**Try it:**
All entries given below are to be returned word for word.

**Recorded data:**

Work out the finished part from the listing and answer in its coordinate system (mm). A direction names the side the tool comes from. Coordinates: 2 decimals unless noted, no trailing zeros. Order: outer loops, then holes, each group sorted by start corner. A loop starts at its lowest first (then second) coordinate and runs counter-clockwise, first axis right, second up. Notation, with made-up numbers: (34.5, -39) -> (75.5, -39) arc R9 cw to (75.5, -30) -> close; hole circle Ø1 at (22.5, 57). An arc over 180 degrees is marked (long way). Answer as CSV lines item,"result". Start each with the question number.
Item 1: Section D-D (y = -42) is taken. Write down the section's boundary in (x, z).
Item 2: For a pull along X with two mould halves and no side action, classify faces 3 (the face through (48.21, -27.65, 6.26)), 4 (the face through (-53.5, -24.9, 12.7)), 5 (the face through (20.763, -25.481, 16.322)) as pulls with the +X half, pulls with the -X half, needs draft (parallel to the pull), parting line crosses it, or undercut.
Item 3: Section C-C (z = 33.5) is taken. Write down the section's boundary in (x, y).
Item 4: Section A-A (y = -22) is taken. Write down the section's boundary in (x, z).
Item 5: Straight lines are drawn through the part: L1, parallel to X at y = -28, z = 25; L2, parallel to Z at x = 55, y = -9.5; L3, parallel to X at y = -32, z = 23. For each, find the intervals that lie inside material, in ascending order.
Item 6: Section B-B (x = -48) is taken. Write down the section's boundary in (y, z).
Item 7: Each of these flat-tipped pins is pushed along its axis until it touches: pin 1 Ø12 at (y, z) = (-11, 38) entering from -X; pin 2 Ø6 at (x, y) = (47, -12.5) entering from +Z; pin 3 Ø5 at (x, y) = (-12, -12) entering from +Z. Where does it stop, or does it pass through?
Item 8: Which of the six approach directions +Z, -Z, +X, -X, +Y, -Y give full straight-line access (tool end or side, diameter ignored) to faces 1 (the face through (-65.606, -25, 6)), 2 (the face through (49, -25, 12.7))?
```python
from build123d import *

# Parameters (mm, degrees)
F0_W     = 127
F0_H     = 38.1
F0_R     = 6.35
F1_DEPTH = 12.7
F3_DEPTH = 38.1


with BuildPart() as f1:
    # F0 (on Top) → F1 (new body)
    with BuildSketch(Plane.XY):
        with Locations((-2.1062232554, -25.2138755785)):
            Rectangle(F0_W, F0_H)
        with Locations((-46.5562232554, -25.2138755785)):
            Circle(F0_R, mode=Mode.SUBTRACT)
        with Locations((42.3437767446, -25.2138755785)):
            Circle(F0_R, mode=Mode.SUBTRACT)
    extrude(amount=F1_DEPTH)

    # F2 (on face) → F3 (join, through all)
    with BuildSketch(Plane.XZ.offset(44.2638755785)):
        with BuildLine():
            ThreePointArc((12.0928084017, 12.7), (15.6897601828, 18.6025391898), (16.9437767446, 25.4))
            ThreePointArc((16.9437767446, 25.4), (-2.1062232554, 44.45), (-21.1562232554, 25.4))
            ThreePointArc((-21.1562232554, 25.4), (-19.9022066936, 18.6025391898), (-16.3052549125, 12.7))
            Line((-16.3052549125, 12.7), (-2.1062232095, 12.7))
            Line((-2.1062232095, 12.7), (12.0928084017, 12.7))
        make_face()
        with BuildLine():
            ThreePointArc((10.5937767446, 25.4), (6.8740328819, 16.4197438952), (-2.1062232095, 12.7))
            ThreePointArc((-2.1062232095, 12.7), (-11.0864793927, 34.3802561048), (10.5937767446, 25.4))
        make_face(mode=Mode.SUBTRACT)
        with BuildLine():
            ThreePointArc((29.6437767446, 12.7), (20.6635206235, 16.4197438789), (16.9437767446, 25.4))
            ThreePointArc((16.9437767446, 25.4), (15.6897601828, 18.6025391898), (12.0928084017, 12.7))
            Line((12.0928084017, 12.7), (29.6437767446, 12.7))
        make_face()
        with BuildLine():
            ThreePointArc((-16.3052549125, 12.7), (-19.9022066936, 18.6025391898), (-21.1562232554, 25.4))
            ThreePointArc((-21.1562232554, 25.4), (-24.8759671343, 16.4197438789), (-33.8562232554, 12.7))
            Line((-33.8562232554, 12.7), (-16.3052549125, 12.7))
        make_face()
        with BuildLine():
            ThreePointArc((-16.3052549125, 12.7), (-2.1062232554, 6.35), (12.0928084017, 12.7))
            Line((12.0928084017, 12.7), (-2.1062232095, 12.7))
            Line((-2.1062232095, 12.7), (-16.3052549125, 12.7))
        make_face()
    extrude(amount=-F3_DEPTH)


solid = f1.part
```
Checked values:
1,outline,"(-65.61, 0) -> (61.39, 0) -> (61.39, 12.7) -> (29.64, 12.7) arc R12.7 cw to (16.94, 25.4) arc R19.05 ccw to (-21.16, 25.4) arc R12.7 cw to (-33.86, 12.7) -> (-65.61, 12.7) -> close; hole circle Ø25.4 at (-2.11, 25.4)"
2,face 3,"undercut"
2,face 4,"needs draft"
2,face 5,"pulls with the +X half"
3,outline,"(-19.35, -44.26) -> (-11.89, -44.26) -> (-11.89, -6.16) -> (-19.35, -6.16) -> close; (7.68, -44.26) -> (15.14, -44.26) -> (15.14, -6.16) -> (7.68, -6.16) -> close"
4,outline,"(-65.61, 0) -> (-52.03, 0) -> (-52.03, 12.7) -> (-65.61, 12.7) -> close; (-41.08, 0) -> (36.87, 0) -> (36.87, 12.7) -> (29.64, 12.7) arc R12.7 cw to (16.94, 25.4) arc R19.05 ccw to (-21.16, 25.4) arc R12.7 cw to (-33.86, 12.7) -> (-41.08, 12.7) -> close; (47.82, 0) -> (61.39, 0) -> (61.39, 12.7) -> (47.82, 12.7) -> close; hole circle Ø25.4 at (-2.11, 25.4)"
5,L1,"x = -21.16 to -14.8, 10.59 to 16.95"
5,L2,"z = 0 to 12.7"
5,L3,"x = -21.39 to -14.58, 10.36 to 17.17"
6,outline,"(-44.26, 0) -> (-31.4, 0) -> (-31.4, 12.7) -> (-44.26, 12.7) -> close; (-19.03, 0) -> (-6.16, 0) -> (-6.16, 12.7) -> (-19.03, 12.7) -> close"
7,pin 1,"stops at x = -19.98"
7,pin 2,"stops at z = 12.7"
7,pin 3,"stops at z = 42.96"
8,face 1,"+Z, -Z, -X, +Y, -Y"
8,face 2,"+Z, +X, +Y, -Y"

**Task response:**
Work out the finished part from the listing and answer in its coordinate system (mm). A direction names the side the tool comes from. Coordinates: 2 decimals unless noted, no trailing zeros. Order: outer loops, then holes, each group sorted by start corner. A loop starts at its lowest first (then second) coordinate and runs counter-clockwise, first axis right, second up. Notation, with made-up numbers: (34.5, -39) -> (75.5, -39) arc R9 cw to (75.5, -30) -> close; hole circle Ø1 at (22.5, 57). An arc over 180 degrees is marked (long way). Answer as CSV lines item,"result". Start each with the question number.
Item 1: Section D-D (y = -42) is taken. Write down the section's boundary in (x, z).
Item 2: For a pull along X with two mould halves and no side action, classify faces 3 (the face through (48.21, -27.65, 6.26)), 4 (the face through (-53.5, -24.9, 12.7)), 5 (the face through (20.763, -25.481, 16.322)) as pulls with the +X half, pulls with the -X half, needs draft (parallel to the pull), parting line crosses it, or undercut.
Item 3: Section C-C (z = 33.5) is taken. Write down the section's boundary in (x, y).
Item 4: Section A-A (y = -22) is taken. Write down the section's boundary in (x, z).
Item 5: Straight lines are drawn through the part: L1, parallel to X at y = -28, z = 25; L2, parallel to Z at x = 55, y = -9.5; L3, parallel to X at y = -32, z = 23. For each, find the intervals that lie inside material, in ascending order.
Item 6: Section B-B (x = -48) is taken. Write down the section's boundary in (y, z).
Item 7: Each of these flat-tipped pins is pushed along its axis until it touches: pin 1 Ø12 at (y, z) = (-11, 38) entering from -X; pin 2 Ø6 at (x, y) = (47, -12.5) entering from +Z; pin 3 Ø5 at (x, y) = (-12, -12) entering from +Z. Where does it stop, or does it pass through?
Item 8: Which of the six approach directions +Z, -Z, +X, -X, +Y, -Y give full straight-line access (tool end or side, diameter ignored) to faces 1 (the face through (-65.606, -25, 6)), 2 (the face through (49, -25, 12.7))?
```python
from build123d import *

# Parameters (mm, degrees)
F0_W     = 127
F0_H     = 38.1
F0_R     = 6.35
F1_DEPTH = 12.7
F3_DEPTH = 38.1


with BuildPart() as f1:
    # F0 (on Top) → F1 (new body)
    with BuildSketch(Plane.XY):
        with Locations((-2.1062232554, -25.2138755785)):
            Rectangle(F0_W, F0_H)
        with Locations((-46.5562232554, -25.2138755785)):
            Circle(F0_R, mode=Mode.SUBTRACT)
        with Locations((42.3437767446, -25.2138755785)):
            Circle(F0_R, mode=Mode.SUBTRACT)
    extrude(amount=F1_DEPTH)

    # F2 (on face) → F3 (join, through all)
    with BuildSketch(Plane.XZ.offset(44.2638755785)):
        with BuildLine():
            ThreePointArc((12.0928084017, 12.7), (15.6897601828, 18.6025391898), (16.9437767446, 25.4))
            ThreePointArc((16.9437767446, 25.4), (-2.1062232554, 44.45), (-21.1562232554, 25.4))
            ThreePointArc((-21.1562232554, 25.4), (-19.9022066936, 18.6025391898), (-16.3052549125, 12.7))
            Line((-16.3052549125, 12.7), (-2.1062232095, 12.7))
            Line((-2.1062232095, 12.7), (12.0928084017, 12.7))
        make_face()
        with BuildLine():
            ThreePointArc((10.5937767446, 25.4), (6.8740328819, 16.4197438952), (-2.1062232095, 12.7))
            ThreePointArc((-2.1062232095, 12.7), (-11.0864793927, 34.3802561048), (10.5937767446, 25.4))
        make_face(mode=Mode.SUBTRACT)
        with BuildLine():
            ThreePointArc((29.6437767446, 12.7), (20.6635206235, 16.4197438789), (16.9437767446, 25.4))
            ThreePointArc((16.9437767446, 25.4), (15.6897601828, 18.6025391898), (12.0928084017, 12.7))
            Line((12.0928084017, 12.7), (29.6437767446, 12.7))
        make_face()
        with BuildLine():
            ThreePointArc((-16.3052549125, 12.7), (-19.9022066936, 18.6025391898), (-21.1562232554, 25.4))
            ThreePointArc((-21.1562232554, 25.4), (-24.8759671343, 16.4197438789), (-33.8562232554, 12.7))
            Line((-33.8562232554, 12.7), (-16.3052549125, 12.7))
        make_face()
        with BuildLine():
            ThreePointArc((-16.3052549125, 12.7), (-2.1062232554, 6.35), (12.0928084017, 12.7))
            Line((12.0928084017, 12.7), (-2.1062232095, 12.7))
            Line((-2.1062232095, 12.7), (-16.3052549125, 12.7))
        make_face()
    extrude(amount=-F3_DEPTH)


solid = f1.part
```
Checked values:
1,outline,"(-65.61, 0) -> (61.39, 0) -> (61.39, 12.7) -> (29.64, 12.7) arc R12.7 cw to (16.94, 25.4) arc R19.05 ccw to (-21.16, 25.4) arc R12.7 cw to (-33.86, 12.7) -> (-65.61, 12.7) -> close; hole circle Ø25.4 at (-2.11, 25.4)"
2,face 3,"undercut"
2,face 4,"needs draft"
2,face 5,"pulls with the +X half"
3,outline,"(-19.35, -44.26) -> (-11.89, -44.26) -> (-11.89, -6.16) -> (-19.35, -6.16) -> close; (7.68, -44.26) -> (15.14, -44.26) -> (15.14, -6.16) -> (7.68, -6.16) -> close"
4,outline,"(-65.61, 0) -> (-52.03, 0) -> (-52.03, 12.7) -> (-65.61, 12.7) -> close; (-41.08, 0) -> (36.87, 0) -> (36.87, 12.7) -> (29.64, 12.7) arc R12.7 cw to (16.94, 25.4) arc R19.05 ccw to (-21.16, 25.4) arc R12.7 cw to (-33.86, 12.7) -> (-41.08, 12.7) -> close; (47.82, 0) -> (61.39, 0) -> (61.39, 12.7) -> (47.82, 12.7) -> close; hole circle Ø25.4 at (-2.11, 25.4)"
5,L1,"x = -21.16 to -14.8, 10.59 to 16.95"
5,L2,"z = 0 to 12.7"
5,L3,"x = -21.39 to -14.58, 10.36 to 17.17"
6,outline,"(-44.26, 0) -> (-31.4, 0) -> (-31.4, 12.7) -> (-44.26, 12.7) -> close; (-19.03, 0) -> (-6.16, 0) -> (-6.16, 12.7) -> (-19.03, 12.7) -> close"
7,pin 1,"stops at x = -19.98"
7,pin 2,"stops at z = 12.7"
7,pin 3,"stops at z = 42.96"
8,face 1,"+Z, -Z, -X, +Y, -Y"
8,face 2,"+Z, +X, +Y, -Y"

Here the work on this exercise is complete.